An Impending Accessibility Backlash
Over the past 15 years, software accessibility has matured from a niche specialty to a mainstream expectation. Until around 2010, believe it or not, it wouldn’t have been considered unusual for a student or employee who is legally blind to use completely different software from their peers while doing what would pass as the same tasks. Now, with the success of the Universal Design movement and improved standards in HTML and other technologies, that sort of accommodation would be considered at best a profound failure in procurement and at worst a form of illegal discrimination. Software developers are trained in accessibility issues for front-end development and basic concepts like labeling control elements and reporting state changes to assistive technology—screen-readers—are part of a professional developer’s code testing procedures. Despite this progress, two very different forces are swirling with the potential to push back on the trend towards better technological inclusion of the disabled.
The more short-term of those forces is the debate over “return-to-office.” The mass adoption of synchronous video conferencing platforms proved since 2020 that it is possible to participate in business meetings from anywhere. Whereas previously it was possible—inadvertently or not—for someone in a wheelchair to be excluded from attending a meeting held in an older building without an elevator, that is no longer the case: either bring them in over Zoom, find a better location, or prepare for expensive and unflattering litigation. Many disabled employees learned how much decision-making they were being left out of due to these constraints and will fight tooth-and-nail to retain the inclusion they enjoyed when fully remote leveled the playing field for them. Strictly imposing return-to-office policies can lead to a perception of unfair, differential treatment for employees with disabilities for whom accommodations are necessary or discriminatory hiring policies to avoid such conflicts.
The other threat to universal design and the trend towards better technological accessibility is the emergence of Large-Language Models (LLMs).
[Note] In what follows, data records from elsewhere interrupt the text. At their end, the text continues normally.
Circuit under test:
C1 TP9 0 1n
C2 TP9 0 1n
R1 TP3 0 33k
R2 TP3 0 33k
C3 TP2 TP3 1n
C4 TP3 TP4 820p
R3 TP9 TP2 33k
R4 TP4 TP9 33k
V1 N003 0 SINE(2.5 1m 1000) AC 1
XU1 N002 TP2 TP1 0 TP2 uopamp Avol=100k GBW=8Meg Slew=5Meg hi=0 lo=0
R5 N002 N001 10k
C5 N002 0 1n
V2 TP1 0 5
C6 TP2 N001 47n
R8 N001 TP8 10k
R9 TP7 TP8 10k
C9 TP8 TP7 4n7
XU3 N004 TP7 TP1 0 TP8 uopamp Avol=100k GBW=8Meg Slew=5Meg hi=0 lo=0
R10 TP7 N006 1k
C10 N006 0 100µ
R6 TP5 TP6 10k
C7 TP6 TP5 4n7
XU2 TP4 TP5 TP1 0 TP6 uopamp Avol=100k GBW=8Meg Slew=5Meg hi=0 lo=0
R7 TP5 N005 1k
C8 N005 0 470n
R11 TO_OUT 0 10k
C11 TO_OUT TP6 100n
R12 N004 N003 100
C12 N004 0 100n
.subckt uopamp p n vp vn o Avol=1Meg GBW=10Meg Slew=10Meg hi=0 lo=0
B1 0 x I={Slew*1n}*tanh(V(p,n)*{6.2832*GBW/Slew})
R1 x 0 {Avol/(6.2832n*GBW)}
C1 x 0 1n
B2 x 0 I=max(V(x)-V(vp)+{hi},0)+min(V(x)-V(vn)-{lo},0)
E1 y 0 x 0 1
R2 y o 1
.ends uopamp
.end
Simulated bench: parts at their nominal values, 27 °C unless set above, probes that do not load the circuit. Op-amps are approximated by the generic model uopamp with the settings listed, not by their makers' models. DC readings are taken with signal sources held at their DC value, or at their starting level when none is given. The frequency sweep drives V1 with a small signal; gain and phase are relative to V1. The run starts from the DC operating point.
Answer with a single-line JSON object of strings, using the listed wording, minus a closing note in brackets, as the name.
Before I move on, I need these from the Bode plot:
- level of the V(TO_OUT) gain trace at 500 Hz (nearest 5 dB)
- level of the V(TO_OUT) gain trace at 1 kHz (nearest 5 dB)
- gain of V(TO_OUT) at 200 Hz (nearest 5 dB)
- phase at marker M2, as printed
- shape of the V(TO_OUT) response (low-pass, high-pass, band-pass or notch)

I discussed the importance of LLMs in this year’s State of Education Video (go2sm.com/edstate), contending that the LLM-based ChatGPT was a much-improved generator of mediocre writing than we’d seen previously and an impressive demonstration of how far we’ve come with software interpretation of natural language prompts. The more exciting LLM product for the online video industry released by OpenAI was the Whisper speech-to-text engine. After writing that, the GPT-4 model rolled out, generating better than mediocre text. Whisper remains a tremendously exciting tool and the “why” of that supports this point.
Before Whisper, one of the open-source speech-to-text engines I’d hoped would pan out was Mozilla Foundation’s DeepSpeech. Back in 2018, we discussed the importance of Language Models in the speech-to-text problem with the example Autumn Aided Cap Shins. The limiting factor in the accuracy of speech recognition for automatic captions was the ability to predict what words were being spoken, a task performed by inference against a language model. DeepSpeech was constructed atop Mozilla’s Common Voice language database, an ethically pure data set in that all its content was voluntarily provided: currently sitting at 3,209 hours of speech data. Whisper’s data set was scraped from the internet and consists of 211x the amount of speech data. With such a larger language model, Whisper dramatically outperforms DeepSpeech.
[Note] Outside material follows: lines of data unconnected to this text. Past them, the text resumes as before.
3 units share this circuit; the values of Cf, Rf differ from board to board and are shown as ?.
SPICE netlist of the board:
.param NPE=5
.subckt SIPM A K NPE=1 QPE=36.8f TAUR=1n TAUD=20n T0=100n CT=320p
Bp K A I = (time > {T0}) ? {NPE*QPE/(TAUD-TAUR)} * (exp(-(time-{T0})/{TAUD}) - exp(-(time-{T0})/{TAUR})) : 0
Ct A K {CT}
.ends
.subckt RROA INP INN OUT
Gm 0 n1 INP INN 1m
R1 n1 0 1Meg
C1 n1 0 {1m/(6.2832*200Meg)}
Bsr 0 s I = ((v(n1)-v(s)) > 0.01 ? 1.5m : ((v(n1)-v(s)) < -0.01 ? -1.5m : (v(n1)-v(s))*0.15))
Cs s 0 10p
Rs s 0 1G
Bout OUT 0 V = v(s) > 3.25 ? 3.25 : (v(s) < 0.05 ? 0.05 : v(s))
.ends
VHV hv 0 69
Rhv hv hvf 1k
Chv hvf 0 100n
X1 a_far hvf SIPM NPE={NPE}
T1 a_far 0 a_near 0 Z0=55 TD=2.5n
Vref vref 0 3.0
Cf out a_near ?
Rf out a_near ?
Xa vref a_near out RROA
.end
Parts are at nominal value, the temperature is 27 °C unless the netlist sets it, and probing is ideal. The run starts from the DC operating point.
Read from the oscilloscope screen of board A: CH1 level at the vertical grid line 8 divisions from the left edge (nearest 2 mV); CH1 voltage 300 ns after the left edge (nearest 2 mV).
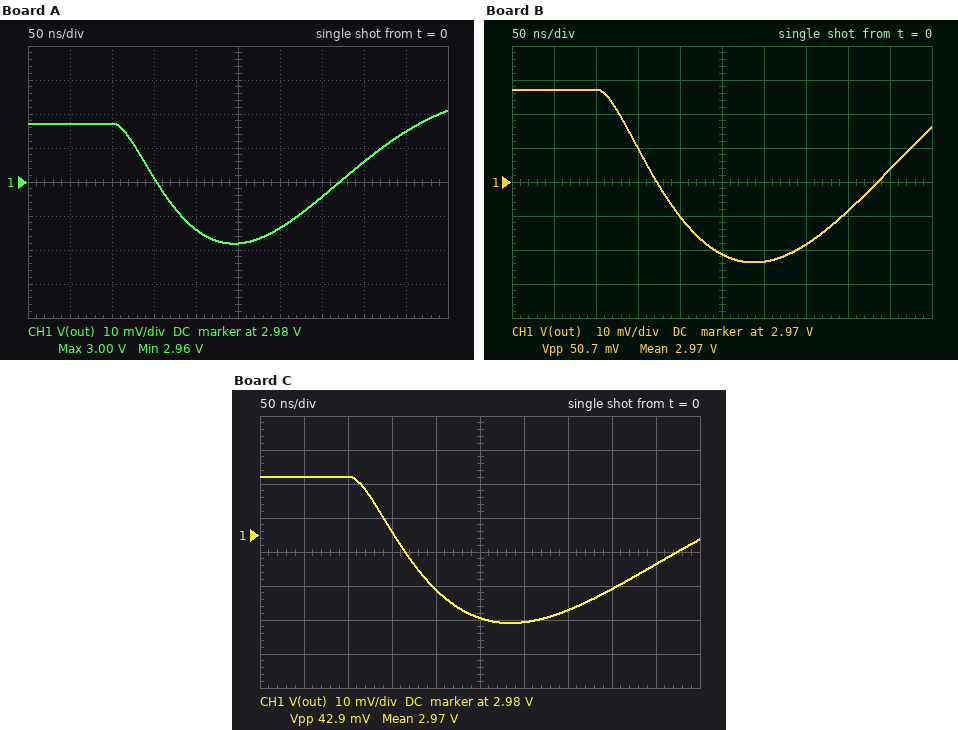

The LLM that Whisper is built on was not as ethically immaculately conceived as DeepSpeech. Observations that ChatGPT is simply a plagiarism engine—generating text based on a language model pilfered from the creative writing people shared on the internet—apply equally to Whisper (although I’d argue that Whisper provides a substantial public good in providing accurate video captions). The backlash will be how people try to prevent companies building LLMs from accessing their creative output. Proposals I’ve seen include a more toothful robots.txt type of solution. But making text and video on the internet less accessible to machine reading (and thus assistive technology) is another solution with severe consequences to the disabled. For educational video, the solution for protecting faculty intellectual property and student privacy is strict content security: platforms that better protect access to video (and captions) stand out from the field.